── RECORDS PROVIDED

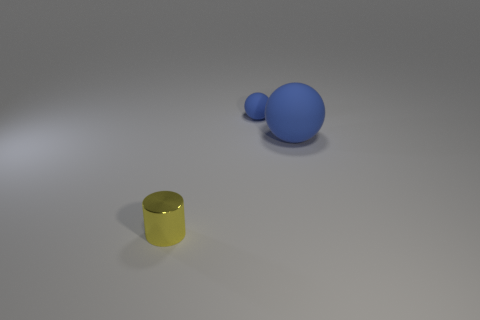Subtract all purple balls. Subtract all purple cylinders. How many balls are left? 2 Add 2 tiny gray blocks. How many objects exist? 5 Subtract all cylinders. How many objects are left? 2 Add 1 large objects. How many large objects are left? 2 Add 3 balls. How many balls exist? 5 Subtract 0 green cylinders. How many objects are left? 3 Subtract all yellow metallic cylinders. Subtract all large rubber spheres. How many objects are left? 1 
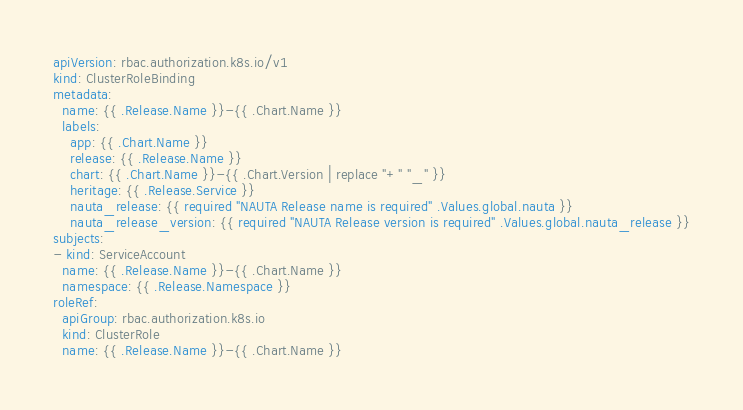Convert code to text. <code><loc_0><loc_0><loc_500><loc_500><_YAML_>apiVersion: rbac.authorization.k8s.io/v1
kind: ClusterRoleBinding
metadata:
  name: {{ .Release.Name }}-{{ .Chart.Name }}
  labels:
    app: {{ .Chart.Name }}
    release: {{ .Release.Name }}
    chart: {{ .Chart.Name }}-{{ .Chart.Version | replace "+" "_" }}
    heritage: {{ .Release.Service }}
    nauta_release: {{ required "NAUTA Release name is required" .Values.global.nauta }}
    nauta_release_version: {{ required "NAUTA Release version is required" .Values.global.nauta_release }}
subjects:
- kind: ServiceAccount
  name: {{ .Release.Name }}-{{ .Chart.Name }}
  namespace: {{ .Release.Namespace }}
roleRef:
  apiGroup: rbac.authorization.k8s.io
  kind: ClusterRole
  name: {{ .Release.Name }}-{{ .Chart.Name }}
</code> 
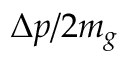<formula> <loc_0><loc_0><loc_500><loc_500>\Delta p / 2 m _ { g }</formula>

────
── RECORDS PROVIDED

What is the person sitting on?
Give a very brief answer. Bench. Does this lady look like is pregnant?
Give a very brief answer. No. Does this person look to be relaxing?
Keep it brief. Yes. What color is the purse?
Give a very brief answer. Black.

────

> _PROBLEM TO WORK ON_
Print nothing but the lines above starting with the line that contains "Subtract all purple balls." and going on through the line that contains "<formula> <loc_0><loc_0><loc_500><loc_500>\Delta p". Leave out the pictures.

> _SOLUTION TO THE EXERCISE_
Subtract all purple balls. Subtract all purple cylinders. How many balls are left? 2 Add 2 tiny gray blocks. How many objects exist? 5 Subtract all cylinders. How many objects are left? 2 Add 1 large objects. How many large objects are left? 2 Add 3 balls. How many balls exist? 5 Subtract 0 green cylinders. How many objects are left? 3 Subtract all yellow metallic cylinders. Subtract all large rubber spheres. How many objects are left? 1 
Convert code to text. <code><loc_0><loc_0><loc_500><loc_500><_YAML_>apiVersion: rbac.authorization.k8s.io/v1
kind: ClusterRoleBinding
metadata:
  name: {{ .Release.Name }}-{{ .Chart.Name }}
  labels:
    app: {{ .Chart.Name }}
    release: {{ .Release.Name }}
    chart: {{ .Chart.Name }}-{{ .Chart.Version | replace "+" "_" }}
    heritage: {{ .Release.Service }}
    nauta_release: {{ required "NAUTA Release name is required" .Values.global.nauta }}
    nauta_release_version: {{ required "NAUTA Release version is required" .Values.global.nauta_release }}
subjects:
- kind: ServiceAccount
  name: {{ .Release.Name }}-{{ .Chart.Name }}
  namespace: {{ .Release.Namespace }}
roleRef:
  apiGroup: rbac.authorization.k8s.io
  kind: ClusterRole
  name: {{ .Release.Name }}-{{ .Chart.Name }}
</code> 
<formula> <loc_0><loc_0><loc_500><loc_500>\Delta p / 2 m _ { g }</formula>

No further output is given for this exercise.